If the risk can be mitigated, needed research breakthroughs could result. Indeed, one need only look back at the success of preventing HIV transmission to the fetus with early drugs like zidovudine — or the current threat of Zika virus congenital defects — to realize the risk of excluding pregnant women from research carries perils of its own.

“I am confident there are possible policy solutions — and there will need to be more than one approach,” she says. “The 21st Century Cures Act recently signed into law created a committee tasked with taking the first step toward that effort — to identify gaps in knowledge with respect to pregnant women’s health.”

The NIH Task Force on Research Specific to Pregnant and Lactating Women is slated to convene Aug. 21-22, 2017.

Three Strikes

The recently published review article by Mastroianni and colleagues was based on a day-long meeting with a group of legal experts. In addition to the long shadow of liability, there are several other traditional deterrents to including pregnant women in clinical trials. The group concluded that those include these three, which are paraphrased as follows:

• The FDA does not require the inclusion of pregnant women in research studies for basic drug approval, so it makes no “commercial sense” to expand the clinical trial population.

• Pregnancy is widely perceived as generating “background noise” in the overall clinical trial data, potentially complicating the safety and efficacy profile of a profitable product.

• There is no financial incentive to conduct studies with pregnant women. The market for drugs that treat pregnancy-related conditions is small, and drugs for general medical conditions that may arise or persist during pregnancy are frequently prescribed to pregnant women anyway.

An Ethical Obligation?

In the absence of incentives, IRB Advisor asked Mastroianni whether IRBs and their legal counsel have an obligation to pursue paths toward more research inclusion for pregnant subjects.

“There is a legal obligation — imposed by federal regulations — to ensure that the research undergoing review is equitable,” she says. “From an ethics standpoint, this means that IRBs should at least ensure that researchers provide a reasonable justification for the exclusion of pregnant women.”

That includes asking investigators how they plan to respond if a female subject becomes pregnant during a study protocol, despite contraceptive precautions.
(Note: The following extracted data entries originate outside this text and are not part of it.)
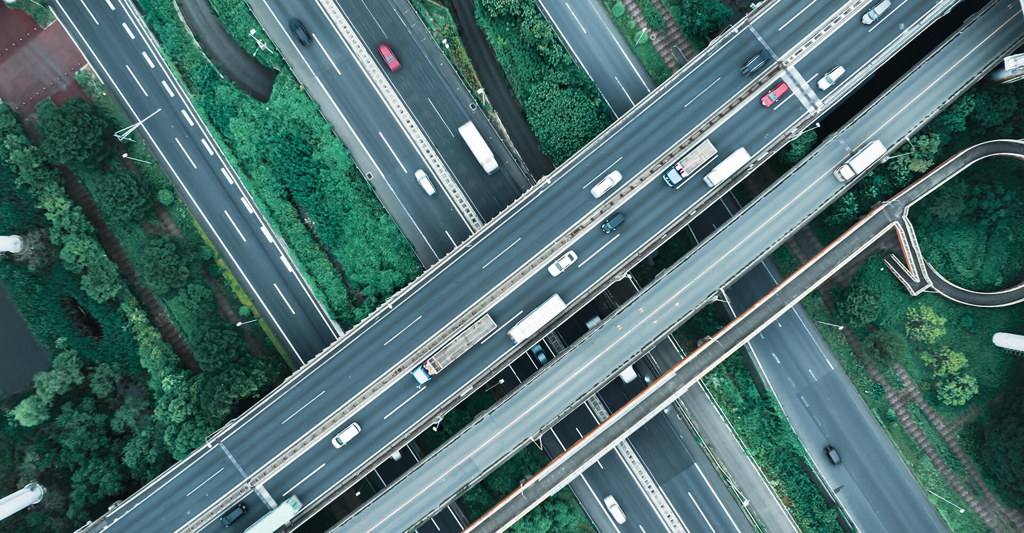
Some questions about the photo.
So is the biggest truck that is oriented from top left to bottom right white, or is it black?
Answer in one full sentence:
In this view, the biggest truck that is oriented from top left to bottom right is white.
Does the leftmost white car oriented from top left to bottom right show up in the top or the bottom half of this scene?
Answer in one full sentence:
The leftmost white car oriented from top left to bottom right sits in the top half of the picture.
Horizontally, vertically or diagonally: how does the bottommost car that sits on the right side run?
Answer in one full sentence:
The bottommost car that sits on the right side has been laid out diagonally relative to the frame.
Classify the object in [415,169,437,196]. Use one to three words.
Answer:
car
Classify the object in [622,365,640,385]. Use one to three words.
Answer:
vehicle
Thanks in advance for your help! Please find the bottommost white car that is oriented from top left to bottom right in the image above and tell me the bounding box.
[605,494,628,524]
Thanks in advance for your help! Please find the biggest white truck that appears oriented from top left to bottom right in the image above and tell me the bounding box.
[456,119,502,178]
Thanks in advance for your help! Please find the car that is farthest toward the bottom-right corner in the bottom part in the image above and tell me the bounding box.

Those questions could include whether the subject will be able to continue on the study medication and will data continue to be collected, Mastroianni says.

“The responses raise ethical issues, and decisions should be grounded in science, not fear,” she tells IRB Advisor. “Particularly when the woman is suffering from a serious condition that would otherwise go untreated. It is notable that in 2001, the regulations essentially shifted a presumption from exclusion — pregnant women may not be included in research unless ‘xyz’ conditions are met — to inclusion — pregnant women may be included in research if ‘xyz’ conditions are met.”

Off-label Use Inevitable

Still, with few FDA-approved products indicated for pregnancy — due in no small part to their exclusion from clinical trials — off-label use of various medicines is inevitable. That creates risk for both mother and fetus, but the result is a classic Catch-22: Some of the same regulations and policies requiring data also restrict its collection.

“There are a number of actors throughout the research pathway that can play a role in the effort to ensure that the health of pregnant women can benefit from research — whether funders, regulators, IRBs, institutions, legal counsel, researchers, and pregnant women,” Mastroianni says. “This paper was designed to highlight the legal barriers to that research. It would be helpful for lawyers who have successfully managed that risk on behalf of their clients to share their strategies with each other. We have another paper in preparation that we hope will highlight some of the key factors to successfully including pregnant women in clinical trials, including those with HIV.”


  1. Mastroianni AC, Henry LM, Robinson D, et al. Research with Pregnant Women: New Insights on Legal Decision-Making.” Hastings Center Report 2017: 47(3): 38-45.